* Exercise aim
Once you have counted the lines below that contain "SINE", give that number and nothing else.

(Saved data entries)
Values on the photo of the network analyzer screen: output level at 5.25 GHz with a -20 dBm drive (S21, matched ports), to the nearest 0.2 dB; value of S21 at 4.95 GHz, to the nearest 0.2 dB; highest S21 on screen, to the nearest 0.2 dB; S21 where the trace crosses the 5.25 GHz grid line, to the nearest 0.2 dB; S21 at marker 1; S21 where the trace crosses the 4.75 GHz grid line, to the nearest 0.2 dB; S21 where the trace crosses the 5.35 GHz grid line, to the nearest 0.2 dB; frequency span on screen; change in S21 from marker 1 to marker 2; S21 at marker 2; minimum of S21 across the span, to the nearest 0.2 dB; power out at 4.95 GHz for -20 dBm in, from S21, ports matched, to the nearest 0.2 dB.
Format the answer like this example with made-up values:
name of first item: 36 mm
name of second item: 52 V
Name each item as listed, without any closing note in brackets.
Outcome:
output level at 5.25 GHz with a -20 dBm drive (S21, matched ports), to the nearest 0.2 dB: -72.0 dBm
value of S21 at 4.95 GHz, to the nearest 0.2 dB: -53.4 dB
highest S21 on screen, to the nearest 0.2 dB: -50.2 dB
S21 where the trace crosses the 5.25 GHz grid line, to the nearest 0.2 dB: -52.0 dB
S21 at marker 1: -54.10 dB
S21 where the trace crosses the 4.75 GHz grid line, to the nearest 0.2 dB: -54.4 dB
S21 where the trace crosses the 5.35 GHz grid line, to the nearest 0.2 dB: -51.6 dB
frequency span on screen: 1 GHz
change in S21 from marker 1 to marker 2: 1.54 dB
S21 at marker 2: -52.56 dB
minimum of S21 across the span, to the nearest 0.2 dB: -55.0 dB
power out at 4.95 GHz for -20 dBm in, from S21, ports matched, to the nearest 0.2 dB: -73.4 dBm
* * *
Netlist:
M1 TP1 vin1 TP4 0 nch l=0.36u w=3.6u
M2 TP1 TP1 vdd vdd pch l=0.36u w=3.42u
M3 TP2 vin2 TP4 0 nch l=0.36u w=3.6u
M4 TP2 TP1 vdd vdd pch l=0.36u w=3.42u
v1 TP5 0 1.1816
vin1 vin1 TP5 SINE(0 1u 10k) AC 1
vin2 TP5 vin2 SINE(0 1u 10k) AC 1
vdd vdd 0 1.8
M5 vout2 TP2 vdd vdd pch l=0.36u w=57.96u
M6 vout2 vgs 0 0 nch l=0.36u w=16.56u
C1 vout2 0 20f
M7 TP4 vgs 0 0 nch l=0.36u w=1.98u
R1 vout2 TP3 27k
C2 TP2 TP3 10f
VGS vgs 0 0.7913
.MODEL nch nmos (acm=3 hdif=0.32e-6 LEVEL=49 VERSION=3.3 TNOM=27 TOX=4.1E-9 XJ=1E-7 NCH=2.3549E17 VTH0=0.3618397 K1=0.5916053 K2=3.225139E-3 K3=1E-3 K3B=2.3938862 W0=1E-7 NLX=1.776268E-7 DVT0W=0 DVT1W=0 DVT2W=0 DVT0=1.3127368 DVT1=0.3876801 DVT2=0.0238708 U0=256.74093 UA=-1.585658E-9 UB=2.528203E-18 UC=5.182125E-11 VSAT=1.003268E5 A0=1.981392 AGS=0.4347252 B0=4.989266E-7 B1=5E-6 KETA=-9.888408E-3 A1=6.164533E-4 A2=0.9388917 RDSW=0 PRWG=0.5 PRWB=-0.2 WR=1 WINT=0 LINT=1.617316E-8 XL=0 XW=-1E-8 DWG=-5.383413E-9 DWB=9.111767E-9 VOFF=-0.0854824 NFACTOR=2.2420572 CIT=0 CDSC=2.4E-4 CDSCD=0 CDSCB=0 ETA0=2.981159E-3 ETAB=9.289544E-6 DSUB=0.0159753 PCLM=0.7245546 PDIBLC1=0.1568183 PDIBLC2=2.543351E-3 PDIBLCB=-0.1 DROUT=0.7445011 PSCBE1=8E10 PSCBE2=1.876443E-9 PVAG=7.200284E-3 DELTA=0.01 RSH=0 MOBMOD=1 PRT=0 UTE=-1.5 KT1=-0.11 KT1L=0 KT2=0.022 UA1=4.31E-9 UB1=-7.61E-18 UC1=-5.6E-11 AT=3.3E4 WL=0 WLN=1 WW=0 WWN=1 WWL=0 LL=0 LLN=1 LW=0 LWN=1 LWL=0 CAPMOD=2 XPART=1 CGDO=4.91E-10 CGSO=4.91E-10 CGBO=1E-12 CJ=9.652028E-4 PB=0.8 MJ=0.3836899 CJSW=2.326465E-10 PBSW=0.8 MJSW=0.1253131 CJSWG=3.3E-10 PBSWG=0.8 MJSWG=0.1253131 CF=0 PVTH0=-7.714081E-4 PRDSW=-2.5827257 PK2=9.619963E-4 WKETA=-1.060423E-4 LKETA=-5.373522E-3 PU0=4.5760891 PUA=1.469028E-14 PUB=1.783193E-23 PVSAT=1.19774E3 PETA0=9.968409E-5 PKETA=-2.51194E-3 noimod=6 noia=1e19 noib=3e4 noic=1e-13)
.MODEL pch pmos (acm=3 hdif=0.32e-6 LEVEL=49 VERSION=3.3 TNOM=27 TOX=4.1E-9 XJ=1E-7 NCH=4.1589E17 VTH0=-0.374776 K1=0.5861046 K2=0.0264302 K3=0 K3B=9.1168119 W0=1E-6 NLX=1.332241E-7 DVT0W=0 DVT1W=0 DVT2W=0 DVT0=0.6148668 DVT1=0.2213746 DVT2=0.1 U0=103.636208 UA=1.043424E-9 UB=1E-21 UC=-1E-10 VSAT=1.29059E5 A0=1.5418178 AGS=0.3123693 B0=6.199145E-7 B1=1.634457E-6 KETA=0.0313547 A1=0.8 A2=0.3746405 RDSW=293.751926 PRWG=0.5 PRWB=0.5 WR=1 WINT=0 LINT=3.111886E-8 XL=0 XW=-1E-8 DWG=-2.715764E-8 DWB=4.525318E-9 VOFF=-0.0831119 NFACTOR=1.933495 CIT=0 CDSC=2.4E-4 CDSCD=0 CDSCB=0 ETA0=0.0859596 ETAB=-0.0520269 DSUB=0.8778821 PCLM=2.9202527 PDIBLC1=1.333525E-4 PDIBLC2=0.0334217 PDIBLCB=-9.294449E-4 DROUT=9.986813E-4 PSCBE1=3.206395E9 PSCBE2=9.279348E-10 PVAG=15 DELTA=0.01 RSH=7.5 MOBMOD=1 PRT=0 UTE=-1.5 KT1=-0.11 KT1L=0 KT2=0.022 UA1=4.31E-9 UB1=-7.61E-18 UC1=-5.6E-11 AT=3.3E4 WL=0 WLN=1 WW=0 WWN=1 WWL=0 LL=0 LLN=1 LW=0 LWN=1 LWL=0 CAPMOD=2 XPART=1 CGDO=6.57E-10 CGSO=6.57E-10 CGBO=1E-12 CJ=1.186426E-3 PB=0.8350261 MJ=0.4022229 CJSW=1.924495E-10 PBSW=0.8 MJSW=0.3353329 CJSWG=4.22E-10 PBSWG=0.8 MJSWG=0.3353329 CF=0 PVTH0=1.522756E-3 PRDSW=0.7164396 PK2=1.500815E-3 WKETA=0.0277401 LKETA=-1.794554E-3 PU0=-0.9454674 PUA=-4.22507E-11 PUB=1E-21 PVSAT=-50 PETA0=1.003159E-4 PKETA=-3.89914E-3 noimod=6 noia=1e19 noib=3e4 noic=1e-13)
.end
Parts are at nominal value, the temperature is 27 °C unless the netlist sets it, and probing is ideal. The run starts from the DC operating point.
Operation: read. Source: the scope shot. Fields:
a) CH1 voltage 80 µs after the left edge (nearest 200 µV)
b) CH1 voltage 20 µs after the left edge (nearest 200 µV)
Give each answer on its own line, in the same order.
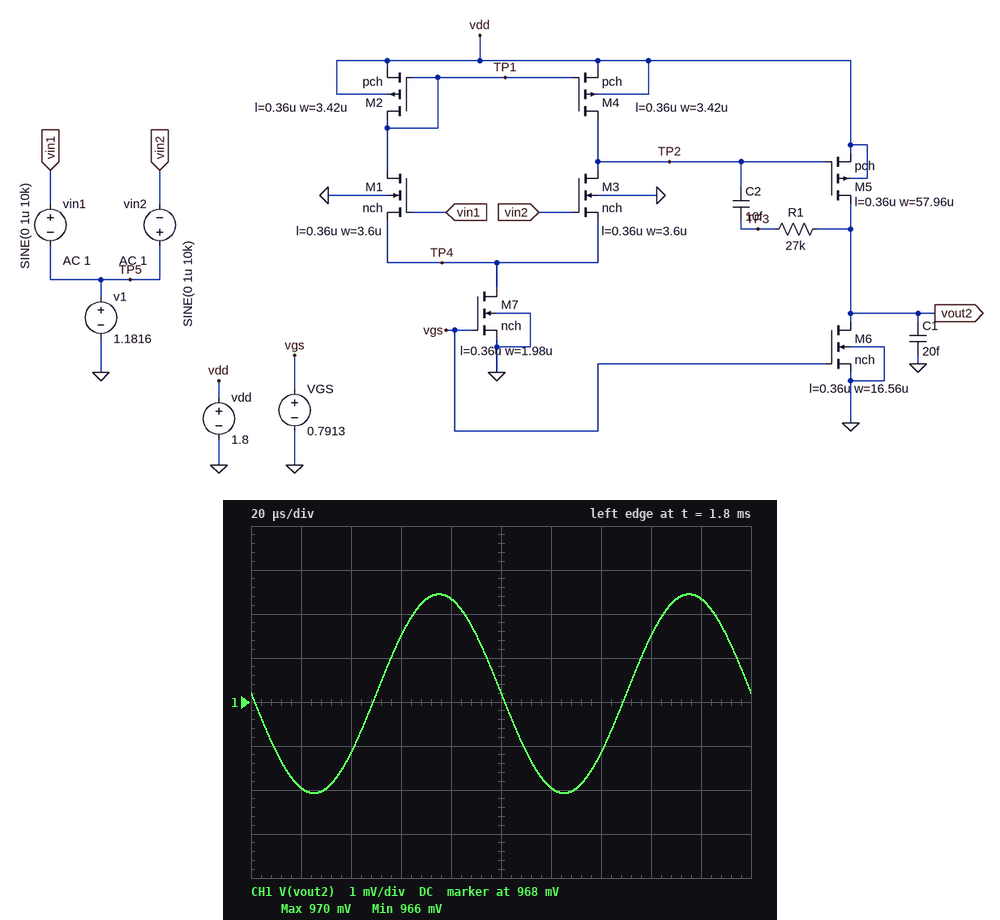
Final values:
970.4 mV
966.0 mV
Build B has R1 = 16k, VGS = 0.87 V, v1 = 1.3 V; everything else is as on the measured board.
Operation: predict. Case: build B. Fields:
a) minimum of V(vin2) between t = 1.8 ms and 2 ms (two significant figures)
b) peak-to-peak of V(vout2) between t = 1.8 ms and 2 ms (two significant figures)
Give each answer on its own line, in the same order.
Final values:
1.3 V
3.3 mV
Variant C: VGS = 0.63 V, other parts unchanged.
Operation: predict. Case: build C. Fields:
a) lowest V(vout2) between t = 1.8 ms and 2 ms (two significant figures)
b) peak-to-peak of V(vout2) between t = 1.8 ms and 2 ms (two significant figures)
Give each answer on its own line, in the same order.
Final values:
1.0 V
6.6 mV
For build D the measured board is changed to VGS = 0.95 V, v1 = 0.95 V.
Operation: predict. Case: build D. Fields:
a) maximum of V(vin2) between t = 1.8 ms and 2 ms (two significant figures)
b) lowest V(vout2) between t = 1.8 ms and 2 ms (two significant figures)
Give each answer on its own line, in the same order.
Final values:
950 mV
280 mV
--
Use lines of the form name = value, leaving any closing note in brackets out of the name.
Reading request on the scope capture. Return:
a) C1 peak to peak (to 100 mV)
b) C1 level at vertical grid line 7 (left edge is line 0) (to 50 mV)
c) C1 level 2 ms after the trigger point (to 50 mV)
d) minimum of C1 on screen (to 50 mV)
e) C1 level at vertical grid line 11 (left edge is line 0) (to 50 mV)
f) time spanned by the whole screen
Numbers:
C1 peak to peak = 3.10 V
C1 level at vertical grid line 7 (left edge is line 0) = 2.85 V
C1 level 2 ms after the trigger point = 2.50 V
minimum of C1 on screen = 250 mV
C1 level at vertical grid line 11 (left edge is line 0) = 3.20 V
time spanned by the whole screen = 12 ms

* Output of the exercise
2